### EXERCISE REQUIREMENTS
Report how many lines in the data include the string "section", and add nothing else.

Dataset entries
------------------------------------------------------------
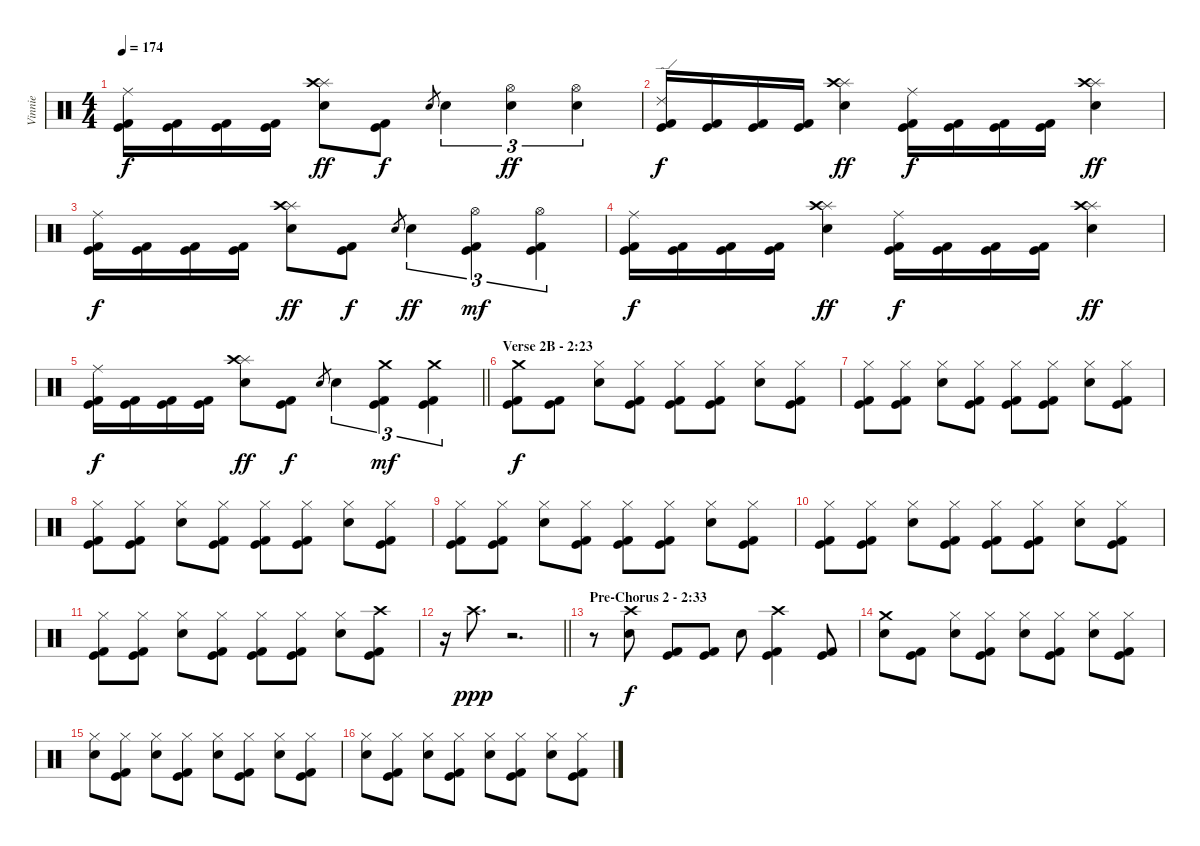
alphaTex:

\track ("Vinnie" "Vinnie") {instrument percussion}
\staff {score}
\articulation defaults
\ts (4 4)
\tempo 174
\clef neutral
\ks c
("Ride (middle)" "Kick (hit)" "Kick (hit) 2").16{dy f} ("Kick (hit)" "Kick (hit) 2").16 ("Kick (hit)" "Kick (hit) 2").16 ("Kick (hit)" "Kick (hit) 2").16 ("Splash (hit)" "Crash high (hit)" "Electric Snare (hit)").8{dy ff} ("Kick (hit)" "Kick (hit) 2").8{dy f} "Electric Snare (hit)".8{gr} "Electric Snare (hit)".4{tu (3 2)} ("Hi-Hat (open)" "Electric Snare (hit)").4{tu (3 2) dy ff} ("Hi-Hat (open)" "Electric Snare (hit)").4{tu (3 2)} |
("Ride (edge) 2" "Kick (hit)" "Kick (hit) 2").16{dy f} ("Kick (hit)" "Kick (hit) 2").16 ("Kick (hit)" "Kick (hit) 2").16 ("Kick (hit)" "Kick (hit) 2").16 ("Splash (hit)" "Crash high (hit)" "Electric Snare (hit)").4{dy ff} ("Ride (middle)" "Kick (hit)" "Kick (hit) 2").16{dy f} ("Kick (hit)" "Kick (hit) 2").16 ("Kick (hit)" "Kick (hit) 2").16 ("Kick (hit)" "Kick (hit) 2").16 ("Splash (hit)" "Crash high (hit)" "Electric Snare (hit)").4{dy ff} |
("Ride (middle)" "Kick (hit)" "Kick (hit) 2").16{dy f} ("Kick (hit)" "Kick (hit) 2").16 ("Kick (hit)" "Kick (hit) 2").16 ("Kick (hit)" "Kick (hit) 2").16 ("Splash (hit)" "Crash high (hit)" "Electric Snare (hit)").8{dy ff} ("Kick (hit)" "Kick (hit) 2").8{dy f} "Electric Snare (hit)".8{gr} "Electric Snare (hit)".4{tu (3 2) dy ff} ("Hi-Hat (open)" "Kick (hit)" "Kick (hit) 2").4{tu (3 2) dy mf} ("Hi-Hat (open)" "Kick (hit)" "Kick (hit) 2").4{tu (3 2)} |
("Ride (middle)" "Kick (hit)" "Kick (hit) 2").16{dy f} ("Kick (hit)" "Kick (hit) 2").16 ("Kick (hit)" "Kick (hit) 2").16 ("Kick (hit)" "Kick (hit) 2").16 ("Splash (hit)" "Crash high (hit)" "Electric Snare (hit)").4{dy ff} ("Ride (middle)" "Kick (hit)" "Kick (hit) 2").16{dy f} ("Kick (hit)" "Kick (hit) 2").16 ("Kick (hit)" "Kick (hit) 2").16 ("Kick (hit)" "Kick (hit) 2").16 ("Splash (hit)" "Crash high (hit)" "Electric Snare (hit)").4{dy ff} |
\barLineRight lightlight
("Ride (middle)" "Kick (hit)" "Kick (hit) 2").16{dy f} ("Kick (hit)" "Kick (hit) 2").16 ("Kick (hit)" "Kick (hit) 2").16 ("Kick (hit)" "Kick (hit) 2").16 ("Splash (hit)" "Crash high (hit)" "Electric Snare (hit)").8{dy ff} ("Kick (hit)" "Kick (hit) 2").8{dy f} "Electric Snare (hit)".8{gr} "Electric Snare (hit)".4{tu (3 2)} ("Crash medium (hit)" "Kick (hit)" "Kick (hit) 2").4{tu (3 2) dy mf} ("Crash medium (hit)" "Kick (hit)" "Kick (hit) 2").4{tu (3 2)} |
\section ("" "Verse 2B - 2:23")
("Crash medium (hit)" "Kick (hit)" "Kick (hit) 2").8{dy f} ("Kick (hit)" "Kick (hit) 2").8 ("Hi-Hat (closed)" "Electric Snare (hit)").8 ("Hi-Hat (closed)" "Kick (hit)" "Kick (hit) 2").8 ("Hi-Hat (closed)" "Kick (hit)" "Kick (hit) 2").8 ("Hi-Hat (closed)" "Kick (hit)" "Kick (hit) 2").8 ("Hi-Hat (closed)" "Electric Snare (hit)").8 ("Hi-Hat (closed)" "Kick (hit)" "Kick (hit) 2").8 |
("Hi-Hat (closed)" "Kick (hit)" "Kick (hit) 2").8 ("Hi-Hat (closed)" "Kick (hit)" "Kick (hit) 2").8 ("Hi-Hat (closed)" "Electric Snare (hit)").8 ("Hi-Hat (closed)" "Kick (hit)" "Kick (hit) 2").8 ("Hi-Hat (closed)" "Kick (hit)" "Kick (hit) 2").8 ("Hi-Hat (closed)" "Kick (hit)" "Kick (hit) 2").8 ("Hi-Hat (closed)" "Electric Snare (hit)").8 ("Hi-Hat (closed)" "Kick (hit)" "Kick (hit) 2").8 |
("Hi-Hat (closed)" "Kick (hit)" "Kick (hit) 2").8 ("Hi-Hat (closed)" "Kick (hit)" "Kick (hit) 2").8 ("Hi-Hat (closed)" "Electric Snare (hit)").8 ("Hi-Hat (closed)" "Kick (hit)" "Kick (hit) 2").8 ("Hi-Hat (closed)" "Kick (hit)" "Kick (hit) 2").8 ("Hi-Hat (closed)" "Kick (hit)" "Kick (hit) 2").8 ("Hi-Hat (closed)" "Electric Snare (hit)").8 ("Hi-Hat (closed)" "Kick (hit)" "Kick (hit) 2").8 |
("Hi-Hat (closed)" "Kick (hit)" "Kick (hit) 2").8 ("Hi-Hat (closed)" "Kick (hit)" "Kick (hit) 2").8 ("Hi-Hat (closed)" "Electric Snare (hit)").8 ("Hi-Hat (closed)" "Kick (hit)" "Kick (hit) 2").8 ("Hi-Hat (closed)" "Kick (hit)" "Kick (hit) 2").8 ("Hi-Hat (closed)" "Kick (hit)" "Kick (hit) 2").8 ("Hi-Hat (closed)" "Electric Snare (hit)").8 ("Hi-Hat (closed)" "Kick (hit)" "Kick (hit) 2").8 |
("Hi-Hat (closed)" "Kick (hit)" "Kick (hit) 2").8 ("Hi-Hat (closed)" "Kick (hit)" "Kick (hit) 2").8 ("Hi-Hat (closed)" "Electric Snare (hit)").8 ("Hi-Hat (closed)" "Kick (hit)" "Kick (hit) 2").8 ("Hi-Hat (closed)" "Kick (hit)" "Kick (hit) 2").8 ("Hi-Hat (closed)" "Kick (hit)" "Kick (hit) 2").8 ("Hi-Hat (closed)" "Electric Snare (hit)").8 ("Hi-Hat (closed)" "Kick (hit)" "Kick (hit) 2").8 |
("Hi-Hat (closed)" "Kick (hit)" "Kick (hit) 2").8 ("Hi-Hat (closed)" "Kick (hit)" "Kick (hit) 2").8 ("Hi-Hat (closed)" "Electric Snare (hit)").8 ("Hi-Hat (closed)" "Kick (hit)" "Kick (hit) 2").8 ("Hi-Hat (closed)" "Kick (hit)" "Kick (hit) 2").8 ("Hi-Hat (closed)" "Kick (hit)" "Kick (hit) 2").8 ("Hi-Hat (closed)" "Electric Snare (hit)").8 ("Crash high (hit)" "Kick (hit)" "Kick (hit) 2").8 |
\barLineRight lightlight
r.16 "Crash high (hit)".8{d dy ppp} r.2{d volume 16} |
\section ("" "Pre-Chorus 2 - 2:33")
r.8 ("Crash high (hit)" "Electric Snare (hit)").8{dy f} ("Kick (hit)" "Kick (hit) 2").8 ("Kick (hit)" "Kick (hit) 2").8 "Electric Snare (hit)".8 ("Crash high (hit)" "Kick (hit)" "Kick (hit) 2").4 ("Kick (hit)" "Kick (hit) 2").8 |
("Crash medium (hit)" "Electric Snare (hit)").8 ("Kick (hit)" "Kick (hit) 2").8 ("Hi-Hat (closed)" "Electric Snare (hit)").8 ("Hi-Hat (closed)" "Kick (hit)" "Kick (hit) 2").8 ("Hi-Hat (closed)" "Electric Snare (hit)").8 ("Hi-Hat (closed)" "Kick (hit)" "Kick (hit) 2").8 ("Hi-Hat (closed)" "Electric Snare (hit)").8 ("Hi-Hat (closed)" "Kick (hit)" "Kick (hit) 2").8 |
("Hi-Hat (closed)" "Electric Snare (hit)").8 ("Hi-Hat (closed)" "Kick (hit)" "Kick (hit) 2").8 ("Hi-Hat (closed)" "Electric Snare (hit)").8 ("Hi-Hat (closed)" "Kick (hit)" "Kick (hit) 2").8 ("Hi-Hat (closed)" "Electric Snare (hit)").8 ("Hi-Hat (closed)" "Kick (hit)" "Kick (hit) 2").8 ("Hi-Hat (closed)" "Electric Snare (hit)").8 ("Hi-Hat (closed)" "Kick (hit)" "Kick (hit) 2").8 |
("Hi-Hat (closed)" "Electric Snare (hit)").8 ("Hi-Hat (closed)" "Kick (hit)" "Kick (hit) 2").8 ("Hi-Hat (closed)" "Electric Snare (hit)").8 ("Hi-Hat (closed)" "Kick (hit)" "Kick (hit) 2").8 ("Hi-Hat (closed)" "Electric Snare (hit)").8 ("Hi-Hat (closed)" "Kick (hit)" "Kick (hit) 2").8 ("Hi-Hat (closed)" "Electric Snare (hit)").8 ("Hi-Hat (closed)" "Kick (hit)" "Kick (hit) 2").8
------------------------------------------------------------
### OUTPUT
2